Blog 0 -- Visualizing the Palmer Penguins dataset

This post demonstrates basic data manipulation with pandas and visualizations with the plotly package.

First, let’s import the requisite packages and the Palmer Penguins data.

import pandas as pd
from plotly import express as px

# read the palmer penguins dataset
url = "https://raw.githubusercontent.com/PhilChodrow/PIC16B/master/datasets/palmer_penguins.csv"
penguins = pd.read_csv(url)

Subsetting with pandas

Suppose we’re interested in how the body mass of Gentoo penguins differ by sex.
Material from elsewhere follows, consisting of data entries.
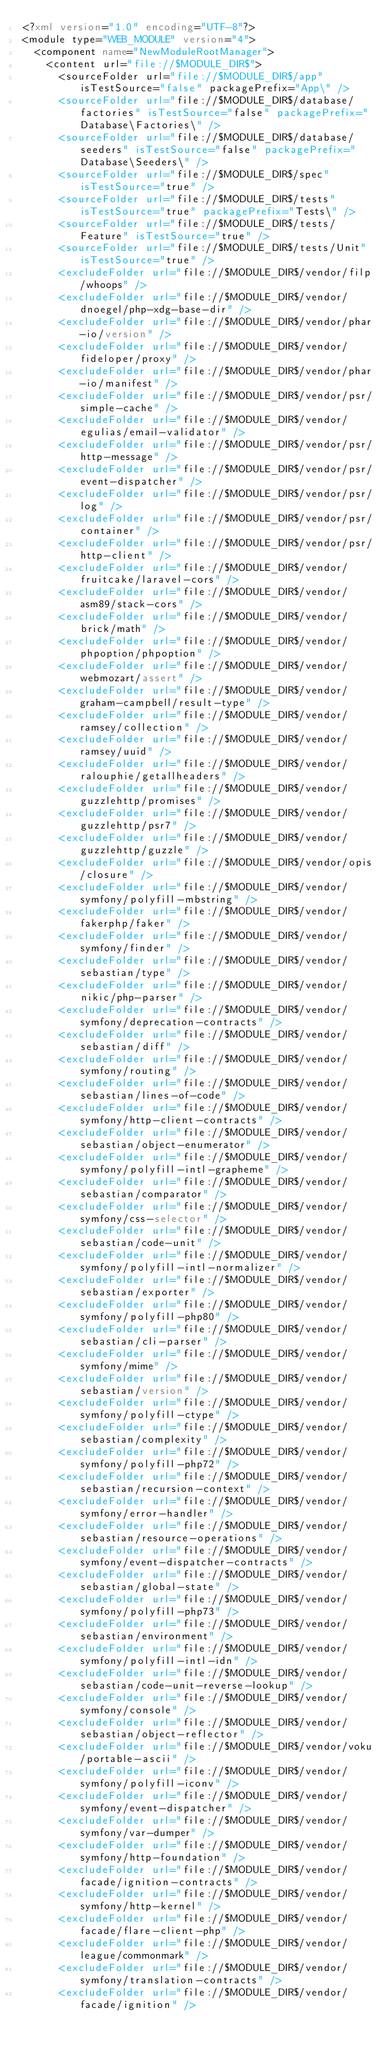<code> <loc_0><loc_0><loc_500><loc_500><_XML_><?xml version="1.0" encoding="UTF-8"?>
<module type="WEB_MODULE" version="4">
  <component name="NewModuleRootManager">
    <content url="file://$MODULE_DIR$">
      <sourceFolder url="file://$MODULE_DIR$/app" isTestSource="false" packagePrefix="App\" />
      <sourceFolder url="file://$MODULE_DIR$/database/factories" isTestSource="false" packagePrefix="Database\Factories\" />
      <sourceFolder url="file://$MODULE_DIR$/database/seeders" isTestSource="false" packagePrefix="Database\Seeders\" />
      <sourceFolder url="file://$MODULE_DIR$/spec" isTestSource="true" />
      <sourceFolder url="file://$MODULE_DIR$/tests" isTestSource="true" packagePrefix="Tests\" />
      <sourceFolder url="file://$MODULE_DIR$/tests/Feature" isTestSource="true" />
      <sourceFolder url="file://$MODULE_DIR$/tests/Unit" isTestSource="true" />
      <excludeFolder url="file://$MODULE_DIR$/vendor/filp/whoops" />
      <excludeFolder url="file://$MODULE_DIR$/vendor/dnoegel/php-xdg-base-dir" />
      <excludeFolder url="file://$MODULE_DIR$/vendor/phar-io/version" />
      <excludeFolder url="file://$MODULE_DIR$/vendor/fideloper/proxy" />
      <excludeFolder url="file://$MODULE_DIR$/vendor/phar-io/manifest" />
      <excludeFolder url="file://$MODULE_DIR$/vendor/psr/simple-cache" />
      <excludeFolder url="file://$MODULE_DIR$/vendor/egulias/email-validator" />
      <excludeFolder url="file://$MODULE_DIR$/vendor/psr/http-message" />
      <excludeFolder url="file://$MODULE_DIR$/vendor/psr/event-dispatcher" />
      <excludeFolder url="file://$MODULE_DIR$/vendor/psr/log" />
      <excludeFolder url="file://$MODULE_DIR$/vendor/psr/container" />
      <excludeFolder url="file://$MODULE_DIR$/vendor/psr/http-client" />
      <excludeFolder url="file://$MODULE_DIR$/vendor/fruitcake/laravel-cors" />
      <excludeFolder url="file://$MODULE_DIR$/vendor/asm89/stack-cors" />
      <excludeFolder url="file://$MODULE_DIR$/vendor/brick/math" />
      <excludeFolder url="file://$MODULE_DIR$/vendor/phpoption/phpoption" />
      <excludeFolder url="file://$MODULE_DIR$/vendor/webmozart/assert" />
      <excludeFolder url="file://$MODULE_DIR$/vendor/graham-campbell/result-type" />
      <excludeFolder url="file://$MODULE_DIR$/vendor/ramsey/collection" />
      <excludeFolder url="file://$MODULE_DIR$/vendor/ramsey/uuid" />
      <excludeFolder url="file://$MODULE_DIR$/vendor/ralouphie/getallheaders" />
      <excludeFolder url="file://$MODULE_DIR$/vendor/guzzlehttp/promises" />
      <excludeFolder url="file://$MODULE_DIR$/vendor/guzzlehttp/psr7" />
      <excludeFolder url="file://$MODULE_DIR$/vendor/guzzlehttp/guzzle" />
      <excludeFolder url="file://$MODULE_DIR$/vendor/opis/closure" />
      <excludeFolder url="file://$MODULE_DIR$/vendor/symfony/polyfill-mbstring" />
      <excludeFolder url="file://$MODULE_DIR$/vendor/fakerphp/faker" />
      <excludeFolder url="file://$MODULE_DIR$/vendor/symfony/finder" />
      <excludeFolder url="file://$MODULE_DIR$/vendor/sebastian/type" />
      <excludeFolder url="file://$MODULE_DIR$/vendor/nikic/php-parser" />
      <excludeFolder url="file://$MODULE_DIR$/vendor/symfony/deprecation-contracts" />
      <excludeFolder url="file://$MODULE_DIR$/vendor/sebastian/diff" />
      <excludeFolder url="file://$MODULE_DIR$/vendor/symfony/routing" />
      <excludeFolder url="file://$MODULE_DIR$/vendor/sebastian/lines-of-code" />
      <excludeFolder url="file://$MODULE_DIR$/vendor/symfony/http-client-contracts" />
      <excludeFolder url="file://$MODULE_DIR$/vendor/sebastian/object-enumerator" />
      <excludeFolder url="file://$MODULE_DIR$/vendor/symfony/polyfill-intl-grapheme" />
      <excludeFolder url="file://$MODULE_DIR$/vendor/sebastian/comparator" />
      <excludeFolder url="file://$MODULE_DIR$/vendor/symfony/css-selector" />
      <excludeFolder url="file://$MODULE_DIR$/vendor/sebastian/code-unit" />
      <excludeFolder url="file://$MODULE_DIR$/vendor/symfony/polyfill-intl-normalizer" />
      <excludeFolder url="file://$MODULE_DIR$/vendor/sebastian/exporter" />
      <excludeFolder url="file://$MODULE_DIR$/vendor/symfony/polyfill-php80" />
      <excludeFolder url="file://$MODULE_DIR$/vendor/sebastian/cli-parser" />
      <excludeFolder url="file://$MODULE_DIR$/vendor/symfony/mime" />
      <excludeFolder url="file://$MODULE_DIR$/vendor/sebastian/version" />
      <excludeFolder url="file://$MODULE_DIR$/vendor/symfony/polyfill-ctype" />
      <excludeFolder url="file://$MODULE_DIR$/vendor/sebastian/complexity" />
      <excludeFolder url="file://$MODULE_DIR$/vendor/symfony/polyfill-php72" />
      <excludeFolder url="file://$MODULE_DIR$/vendor/sebastian/recursion-context" />
      <excludeFolder url="file://$MODULE_DIR$/vendor/symfony/error-handler" />
      <excludeFolder url="file://$MODULE_DIR$/vendor/sebastian/resource-operations" />
      <excludeFolder url="file://$MODULE_DIR$/vendor/symfony/event-dispatcher-contracts" />
      <excludeFolder url="file://$MODULE_DIR$/vendor/sebastian/global-state" />
      <excludeFolder url="file://$MODULE_DIR$/vendor/symfony/polyfill-php73" />
      <excludeFolder url="file://$MODULE_DIR$/vendor/sebastian/environment" />
      <excludeFolder url="file://$MODULE_DIR$/vendor/symfony/polyfill-intl-idn" />
      <excludeFolder url="file://$MODULE_DIR$/vendor/sebastian/code-unit-reverse-lookup" />
      <excludeFolder url="file://$MODULE_DIR$/vendor/symfony/console" />
      <excludeFolder url="file://$MODULE_DIR$/vendor/sebastian/object-reflector" />
      <excludeFolder url="file://$MODULE_DIR$/vendor/voku/portable-ascii" />
      <excludeFolder url="file://$MODULE_DIR$/vendor/symfony/polyfill-iconv" />
      <excludeFolder url="file://$MODULE_DIR$/vendor/symfony/event-dispatcher" />
      <excludeFolder url="file://$MODULE_DIR$/vendor/symfony/var-dumper" />
      <excludeFolder url="file://$MODULE_DIR$/vendor/symfony/http-foundation" />
      <excludeFolder url="file://$MODULE_DIR$/vendor/facade/ignition-contracts" />
      <excludeFolder url="file://$MODULE_DIR$/vendor/symfony/http-kernel" />
      <excludeFolder url="file://$MODULE_DIR$/vendor/facade/flare-client-php" />
      <excludeFolder url="file://$MODULE_DIR$/vendor/league/commonmark" />
      <excludeFolder url="file://$MODULE_DIR$/vendor/symfony/translation-contracts" />
      <excludeFolder url="file://$MODULE_DIR$/vendor/facade/ignition" /></code>

By setting conditions within square brackets [], we can select a subset of the data frame.

# select rows where the value of "Species" is "Gentoo penguin (Pygoscelis papua)"
gentoos = penguins[penguins["Species"]=="Gentoo penguin (Pygoscelis papua)"]

# only keep rows with "Sex"=="MALE" or "FEMALE", to remove irregular/empty values
gentoos = gentoos[(gentoos["Sex"]=="MALE") | (gentoos["Sex"]=="FEMALE")]

Histogram with plotly

There are many ways to visualize this data. One way is to use a histogram using plotly’s histogram function.


fig = px.histogram(gentoos,
                   x = "Body Mass (g)",
                   color = "Sex",
                   barmode='overlay',
                   opacity=0.75,
                   title="Body mass of male and female Gentoo penguins",
                   color_discrete_sequence=["red", "blue"]
                  )

# display the figure
fig.show()

Here, we make use of the options in the px.histogram command to customize our visualization. For example, the options barmode='overlay' and opacity=0.75 are used to visualize the overlap between the groups.

Written on January 14, 2022